UN Special Rapporteur on Privacy
The United Nations Special Rapporteur on the Right to Privacy conducts investigations and issues reports on surveillance practices worldwide. Reports have addressed: commercial surveillance; mass surveillance by state actors; surveillance of journalists and activists; and surveillance technologies in conflict zones.
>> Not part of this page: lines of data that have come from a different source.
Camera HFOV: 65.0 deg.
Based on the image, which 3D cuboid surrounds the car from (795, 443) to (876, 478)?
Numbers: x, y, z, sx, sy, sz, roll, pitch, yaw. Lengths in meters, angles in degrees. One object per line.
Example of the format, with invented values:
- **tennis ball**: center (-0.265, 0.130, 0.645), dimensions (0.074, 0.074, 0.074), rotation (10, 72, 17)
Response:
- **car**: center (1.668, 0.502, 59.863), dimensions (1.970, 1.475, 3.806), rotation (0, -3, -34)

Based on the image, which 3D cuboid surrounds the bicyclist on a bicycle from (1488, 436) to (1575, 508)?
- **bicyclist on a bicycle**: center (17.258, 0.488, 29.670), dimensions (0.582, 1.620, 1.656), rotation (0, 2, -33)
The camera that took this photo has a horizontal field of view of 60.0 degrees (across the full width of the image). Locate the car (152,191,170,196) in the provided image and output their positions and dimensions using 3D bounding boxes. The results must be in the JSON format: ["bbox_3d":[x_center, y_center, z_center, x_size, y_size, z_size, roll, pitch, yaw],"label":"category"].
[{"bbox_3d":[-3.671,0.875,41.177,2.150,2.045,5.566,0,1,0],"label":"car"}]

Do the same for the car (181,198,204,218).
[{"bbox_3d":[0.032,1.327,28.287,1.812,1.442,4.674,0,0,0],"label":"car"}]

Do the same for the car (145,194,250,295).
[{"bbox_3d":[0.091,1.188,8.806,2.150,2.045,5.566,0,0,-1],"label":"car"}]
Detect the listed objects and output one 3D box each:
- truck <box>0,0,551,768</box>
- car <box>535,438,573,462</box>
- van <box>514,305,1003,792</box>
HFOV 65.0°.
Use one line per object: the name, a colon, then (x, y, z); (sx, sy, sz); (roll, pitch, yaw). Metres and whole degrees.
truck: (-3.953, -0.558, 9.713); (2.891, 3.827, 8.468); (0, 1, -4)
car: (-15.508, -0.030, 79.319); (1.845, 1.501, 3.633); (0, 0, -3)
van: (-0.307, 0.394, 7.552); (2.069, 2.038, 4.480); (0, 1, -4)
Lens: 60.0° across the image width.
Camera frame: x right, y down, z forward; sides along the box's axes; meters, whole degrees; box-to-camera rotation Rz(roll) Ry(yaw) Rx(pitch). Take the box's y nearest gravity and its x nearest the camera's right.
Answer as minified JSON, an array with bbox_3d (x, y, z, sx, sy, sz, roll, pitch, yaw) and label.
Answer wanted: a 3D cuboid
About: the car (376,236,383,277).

These reports provide important international normative context for surveillance law.
Section 6: Practical Quick-Reference Table
| Law / Framework | What It Covers | Key Rights | How to Invoke |
|---|---|---|---|
| Fourth Amendment (US) | Government searches and seizures | Protection against unreasonable search; warrant requirement | Challenge in criminal proceedings; sue under 42 U.S.C. § 1983; civil rights litigation |
| First Amendment (US) | Government interference with speech, association, religion | Protection from surveillance that chills protected activity | Litigation; challenge to surveillance programs |
| ECPA — Wiretap Act | Real-time interception of electronic communications | Government must obtain wiretap order | Challenge evidence in criminal proceedings |
| ECPA — Stored Communications Act | Government access to stored email, messages | Government generally must obtain warrant (Carpenter) | Challenge in criminal proceedings |
| FISA / Section 702 | Intelligence surveillance of foreign persons | Limited rights for US persons; notification rare | ACLU/EFF legal challenges; limited individual standing |
| HIPAA | Health data held by covered entities | Access, amendment, accounting of disclosures | File complaint with HHS Office for Civil Rights |
| FERPA | Student education records | Access, correction, limit disclosure | Complain to school; complain to US Dept. of Education |
| COPPA | Online services for children under 13 | Parental consent required; access and deletion | File complaint with FTC |
| CCPA/CPRA (CA) | Personal data held by covered businesses | Know, delete, opt out, correct, limit | Submit request to business; file complaint with CPPA |
| Illinois BIPA | Biometric identifiers | Consent; no sale; destruction schedule | Private right of action (lawsuit); class action |
| GDPR (EU) | All personal data of EU residents | Access, erasure, portability, objection, portability | Request to data controller; complaint to national DPA |
| EU AI Act | High-risk and prohibited AI systems | Transparency, human oversight, accuracy | Complaint to national AI supervisory authority |
| UDHR Article 12 / ICCPR Article 17 | State surveillance | Privacy from arbitrary government interference | UN complaints mechanisms; domestic court interpretation |
Legal frameworks change through court decisions, legislation, and regulatory action. This reference reflects the state of law as of early 2026. Students should consult current legal databases (Westlaw, LexisNexis), the Cornell Legal Information Institute (LII), and the EFF's surveillance law resources for current case law and statutory text. For legal questions in specific situations, consult a licensed attorney.